• _WORK INSTRUCTION_: Your result should be the lines holding the word "Units", copied from the entries below.

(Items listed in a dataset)
··········

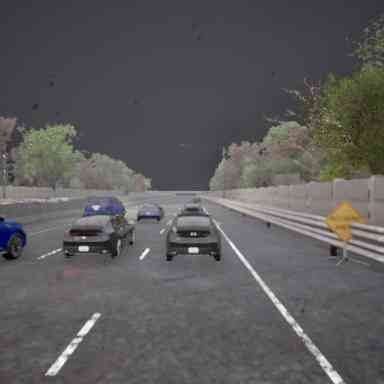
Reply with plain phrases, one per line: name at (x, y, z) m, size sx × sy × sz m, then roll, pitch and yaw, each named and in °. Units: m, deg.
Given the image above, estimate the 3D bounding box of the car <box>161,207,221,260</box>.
car at (0.059, 1.549, 12.612) m, size 1.837 × 1.490 × 4.892 m, roll 0°, pitch 0°, yaw 0°

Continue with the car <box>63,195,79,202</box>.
car at (-17.589, 1.438, 51.731) m, size 2.150 × 2.045 × 5.566 m, roll 0°, pitch 0°, yaw 0°

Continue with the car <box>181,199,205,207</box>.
car at (0.053, 1.614, 28.026) m, size 1.837 × 1.490 × 4.892 m, roll 0°, pitch 0°, yaw 0°

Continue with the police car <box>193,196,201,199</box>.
police car at (1.177, 1.795, 79.982) m, size 1.930 × 1.638 × 5.238 m, roll 0°, pitch 0°, yaw 0°

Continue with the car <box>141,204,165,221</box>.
car at (-3.445, 1.672, 28.437) m, size 1.994 × 1.385 × 4.181 m, roll 0°, pitch 0°, yaw 0°

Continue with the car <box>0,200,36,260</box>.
car at (-6.959, 1.246, 9.463) m, size 2.150 × 2.045 × 5.566 m, roll 0°, pitch -1°, yaw 1°

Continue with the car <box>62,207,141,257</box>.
car at (-3.438, 1.552, 13.023) m, size 1.837 × 1.490 × 4.892 m, roll 0°, pitch 0°, yaw 0°

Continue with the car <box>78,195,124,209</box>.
car at (-6.952, 1.325, 26.839) m, size 2.150 × 2.045 × 5.566 m, roll 0°, pitch 0°, yaw 0°

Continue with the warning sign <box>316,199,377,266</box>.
warning sign at (4.543, 1.150, 9.876) m, size 1.300 × 1.860 × 1.060 m, roll 0°, pitch 0°, yaw 0°

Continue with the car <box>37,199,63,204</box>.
car at (-21.087, 1.761, 51.053) m, size 2.033 × 1.411 × 5.357 m, roll 0°, pitch 0°, yaw 1°
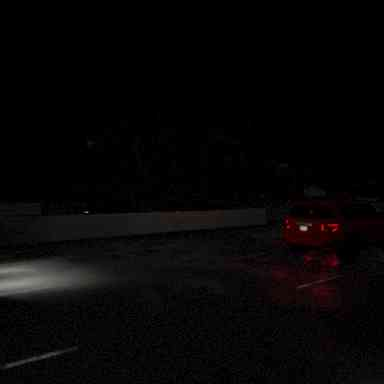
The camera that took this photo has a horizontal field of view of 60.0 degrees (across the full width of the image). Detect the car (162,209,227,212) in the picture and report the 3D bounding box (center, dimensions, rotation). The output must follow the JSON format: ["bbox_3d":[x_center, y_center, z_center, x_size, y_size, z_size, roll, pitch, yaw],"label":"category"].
[{"bbox_3d":[0.056,1.684,26.447,5.357,1.411,2.033,1,0,-40],"label":"car"}]

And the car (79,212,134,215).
[{"bbox_3d":[-7.428,1.612,29.326,4.892,1.490,1.837,1,-1,-39],"label":"car"}]

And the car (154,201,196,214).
[{"bbox_3d":[-1.885,1.789,38.724,4.718,1.301,1.895,1,0,-42],"label":"car"}]

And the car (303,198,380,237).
[{"bbox_3d":[9.204,1.382,20.238,5.566,2.045,2.150,1,0,-41],"label":"car"}]

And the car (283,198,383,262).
[{"bbox_3d":[5.802,1.322,12.777,5.566,2.045,2.150,1,0,-39],"label":"car"}]

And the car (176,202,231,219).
[{"bbox_3d":[1.186,1.720,32.074,5.357,1.411,2.033,1,0,-42],"label":"car"}]
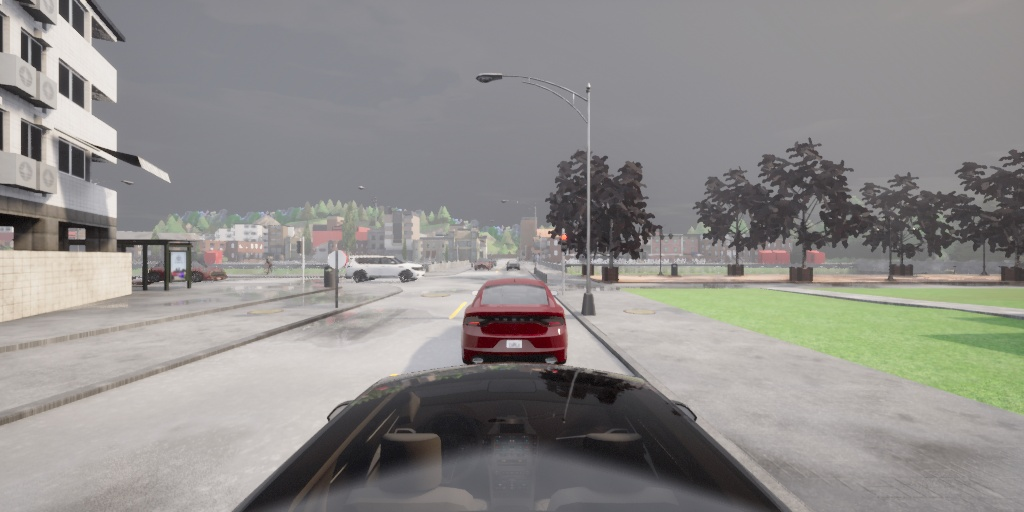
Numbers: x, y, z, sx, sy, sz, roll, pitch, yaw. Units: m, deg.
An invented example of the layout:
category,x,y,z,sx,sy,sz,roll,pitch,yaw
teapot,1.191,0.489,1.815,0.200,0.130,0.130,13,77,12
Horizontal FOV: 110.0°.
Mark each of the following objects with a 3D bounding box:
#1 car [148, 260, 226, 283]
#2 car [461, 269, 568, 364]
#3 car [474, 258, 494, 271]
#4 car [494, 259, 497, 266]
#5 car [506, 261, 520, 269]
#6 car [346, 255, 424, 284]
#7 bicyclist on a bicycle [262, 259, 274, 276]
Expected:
category,x,y,z,sx,sy,sz,roll,pitch,yaw
car,-24.221,1.105,26.899,4.553,1.767,2.097,0,0,0
car,0.057,1.228,8.091,1.882,1.535,5.008,0,0,0
car,-4.061,1.102,50.292,2.097,1.767,4.553,0,0,0
car,-4.040,1.241,59.536,2.128,1.511,4.902,0,0,0
car,0.151,1.351,52.303,1.895,1.301,4.718,0,0,0
car,-9.531,0.972,27.072,5.566,2.045,2.150,0,0,-4
bicyclist on a bicycle,-24.002,1.099,35.296,0.582,1.620,1.656,0,0,0

··········

• _RESULT OF THIS TASK_:
Reply with plain phrases, one per line: name at (x, y, z) m, size sx × sy × sz m, then roll, pitch and yaw, each named and in °. Units: m, deg.
Numbers: x, y, z, sx, sy, sz, roll, pitch, yaw. Units: m, deg.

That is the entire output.